Please give again every entry exactly as it appears, setting aside the pictures.
== Records for this task
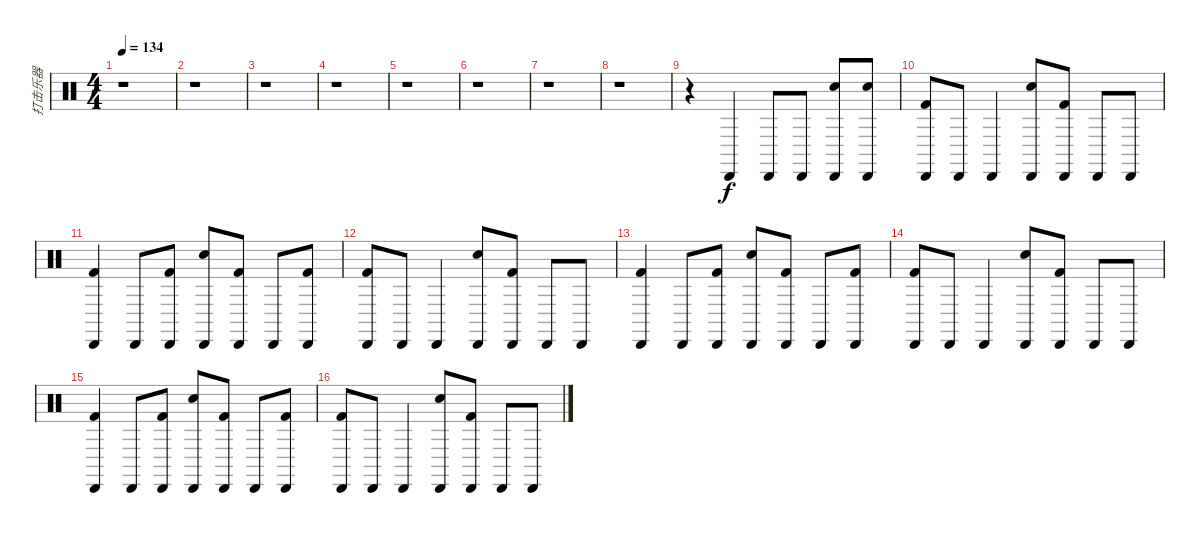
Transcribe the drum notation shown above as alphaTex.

\track ("打击乐器" "打击乐器") {instrument percussion}
\staff {score}
\articulation defaults
\ts (4 4)
\tempo 134
\clef neutral
\ks c
r.1{dy f} |
r.1 |
r.1 |
r.1 |
r.1 |
r.1 |
r.1 |
r.1 |
r.4 "Cabasa (hit)".4 "Cabasa (hit)".8 "Cabasa (hit)".8 ("Snare (hit) 2" "Cabasa (hit)").8 ("Snare (hit) 2" "Cabasa (hit)").8 |
("Cabasa (hit)" "Kick (hit) 2").8 "Cabasa (hit)".8 "Cabasa (hit)".4 ("Snare (hit) 2" "Cabasa (hit)").8 ("Cabasa (hit)" "Kick (hit) 2").8 "Cabasa (hit)".8 "Cabasa (hit)".8 |
("Cabasa (hit)" "Kick (hit) 2").4 "Cabasa (hit)".8 ("Cabasa (hit)" "Kick (hit) 2").8 ("Snare (hit) 2" "Cabasa (hit)").8 ("Cabasa (hit)" "Kick (hit) 2").8 "Cabasa (hit)".8 ("Cabasa (hit)" "Kick (hit) 2").8 |
("Cabasa (hit)" "Kick (hit) 2").8 "Cabasa (hit)".8 "Cabasa (hit)".4 ("Snare (hit) 2" "Cabasa (hit)").8 ("Cabasa (hit)" "Kick (hit) 2").8 "Cabasa (hit)".8 "Cabasa (hit)".8 |
("Cabasa (hit)" "Kick (hit) 2").4 "Cabasa (hit)".8 ("Cabasa (hit)" "Kick (hit) 2").8 ("Snare (hit) 2" "Cabasa (hit)").8 ("Cabasa (hit)" "Kick (hit) 2").8 "Cabasa (hit)".8 ("Cabasa (hit)" "Kick (hit) 2").8 |
("Cabasa (hit)" "Kick (hit) 2").8 "Cabasa (hit)".8 "Cabasa (hit)".4 ("Snare (hit) 2" "Cabasa (hit)").8 ("Cabasa (hit)" "Kick (hit) 2").8 "Cabasa (hit)".8 "Cabasa (hit)".8 |
("Cabasa (hit)" "Kick (hit) 2").4 "Cabasa (hit)".8 ("Cabasa (hit)" "Kick (hit) 2").8 ("Snare (hit) 2" "Cabasa (hit)").8 ("Cabasa (hit)" "Kick (hit) 2").8 "Cabasa (hit)".8 ("Cabasa (hit)" "Kick (hit) 2").8 |
("Cabasa (hit)" "Kick (hit) 2").8 "Cabasa (hit)".8 "Cabasa (hit)".4 ("Snare (hit) 2" "Cabasa (hit)").8 ("Cabasa (hit)" "Kick (hit) 2").8 "Cabasa (hit)".8 "Cabasa (hit)".8
====
Response
Transcribe the drum notation shown above as alphaTex.

\track ("打击乐器" "打击乐器") {instrument percussion}
\staff {score}
\articulation defaults
\ts (4 4)
\tempo 134
\clef neutral
\ks c
r.1{dy f} |
r.1 |
r.1 |
r.1 |
r.1 |
r.1 |
r.1 |
r.1 |
r.4 "Cabasa (hit)".4 "Cabasa (hit)".8 "Cabasa (hit)".8 ("Snare (hit) 2" "Cabasa (hit)").8 ("Snare (hit) 2" "Cabasa (hit)").8 |
("Cabasa (hit)" "Kick (hit) 2").8 "Cabasa (hit)".8 "Cabasa (hit)".4 ("Snare (hit) 2" "Cabasa (hit)").8 ("Cabasa (hit)" "Kick (hit) 2").8 "Cabasa (hit)".8 "Cabasa (hit)".8 |
("Cabasa (hit)" "Kick (hit) 2").4 "Cabasa (hit)".8 ("Cabasa (hit)" "Kick (hit) 2").8 ("Snare (hit) 2" "Cabasa (hit)").8 ("Cabasa (hit)" "Kick (hit) 2").8 "Cabasa (hit)".8 ("Cabasa (hit)" "Kick (hit) 2").8 |
("Cabasa (hit)" "Kick (hit) 2").8 "Cabasa (hit)".8 "Cabasa (hit)".4 ("Snare (hit) 2" "Cabasa (hit)").8 ("Cabasa (hit)" "Kick (hit) 2").8 "Cabasa (hit)".8 "Cabasa (hit)".8 |
("Cabasa (hit)" "Kick (hit) 2").4 "Cabasa (hit)".8 ("Cabasa (hit)" "Kick (hit) 2").8 ("Snare (hit) 2" "Cabasa (hit)").8 ("Cabasa (hit)" "Kick (hit) 2").8 "Cabasa (hit)".8 ("Cabasa (hit)" "Kick (hit) 2").8 |
("Cabasa (hit)" "Kick (hit) 2").8 "Cabasa (hit)".8 "Cabasa (hit)".4 ("Snare (hit) 2" "Cabasa (hit)").8 ("Cabasa (hit)" "Kick (hit) 2").8 "Cabasa (hit)".8 "Cabasa (hit)".8 |
("Cabasa (hit)" "Kick (hit) 2").4 "Cabasa (hit)".8 ("Cabasa (hit)" "Kick (hit) 2").8 ("Snare (hit) 2" "Cabasa (hit)").8 ("Cabasa (hit)" "Kick (hit) 2").8 "Cabasa (hit)".8 ("Cabasa (hit)" "Kick (hit) 2").8 |
("Cabasa (hit)" "Kick (hit) 2").8 "Cabasa (hit)".8 "Cabasa (hit)".4 ("Snare (hit) 2" "Cabasa (hit)").8 ("Cabasa (hit)" "Kick (hit) 2").8 "Cabasa (hit)".8 "Cabasa (hit)".8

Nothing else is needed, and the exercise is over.